Researchers have long been studying the movement of marine nutrients from sea to land, particularly thanks to salmon and herring. Both make epic spawning migrations, bringing pulses of scarce nutrients like nitrogen to coastal areas and inland rivers. When a bear catches a salmon, it eats some of the fish but leaves much of the carcass in the forest. Each carcass is effectively a little sack of nitrogen. In a spawning season lasting about 40 days, a single black bear can transport 1,600 kilograms of this fertilizer into the woods. For trees surrounded by salmon remains, studies show that as much as 75 percent of their total nitrogen could come from the fish.

Less dramatic contributions of marine nutrients come to forests in other ways, notes Cox, including washed-up seaweed, the spray of ocean waves, and through the transport of mollusks such as clams, oysters, and mussels.

Cox’s new research paper focuses on how shellfish-derived nutrients find their way inland in the Pacific Northwest. Birds like the gulls and crows he saw on Calvert Island can move a lot of shellfish: piles of gull-deposited shells as big as 100 square meters, for instance, have been documented on the Oregon coast. The birds also excrete enormous amounts of nitrogen and phosphorus in their droppings. Animals that forage in the intertidal, including raccoons, eat a lot of shellfish and transport their nutrients landward. River otters and mink create garbage piles and latrine sites littered with shell fragments and uneaten bits of flesh. Grizzly bears also love shellfish: they have been observed consuming up to two clams per minute and can transport the marine nutrients several kilometers inland through their urine and scat.
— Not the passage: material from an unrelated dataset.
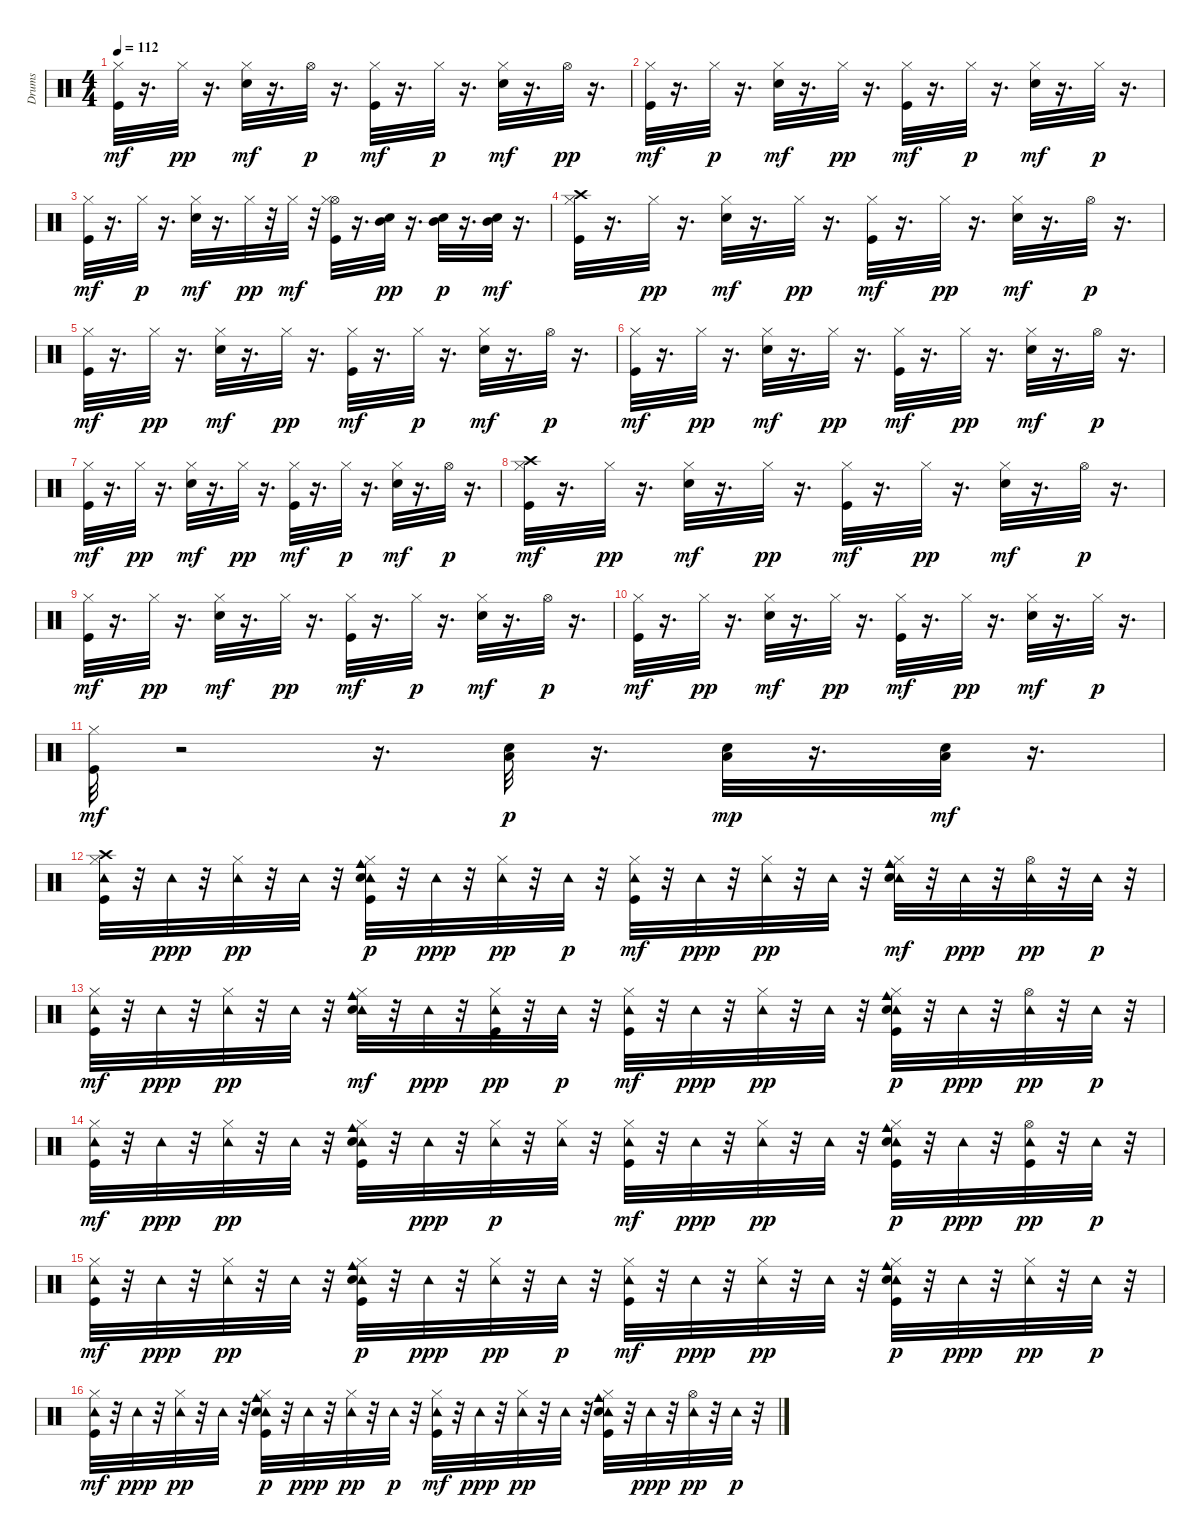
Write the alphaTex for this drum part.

But no other animal can compete with humans when it comes to eating shellfish, which has been a staple food on the Pacific coast of North America for at least 13,000 years. There are more than 5,300 recorded shell deposits on the coast of British Columbia alone, some over five meters deep and spanning hundreds of square meters. Indigenous peoples sometimes used waste shells to flatten sloping landscapes, changing the drainage and chemical makeup of soils. The shells themselves can provide calcium for plants and trees for centuries as they break down.

Simon Fraser University aquatic ecologist John Reynolds, a leader in documenting the impact of salmon nutrients on land, says calcium, particularly from clams, is likely the most important shellfish nutrient being brought onto land. Research has shown that red cedar trees growing near places with a long history of occupation and shellfish middens on the BC central coast are, on average, five meters taller than trees growing on sites without piles of shells.

Research documenting the transfer of marine nutrients to our coasts is important, says Reynolds, who was not involved in Cox’s study, because it helps illuminate the interactions between species in the oceans and coastal forests. “Research into cross-habitat connections is helpful to get an overall idea of how things are connected,” he says, “and how we might want to manage them.”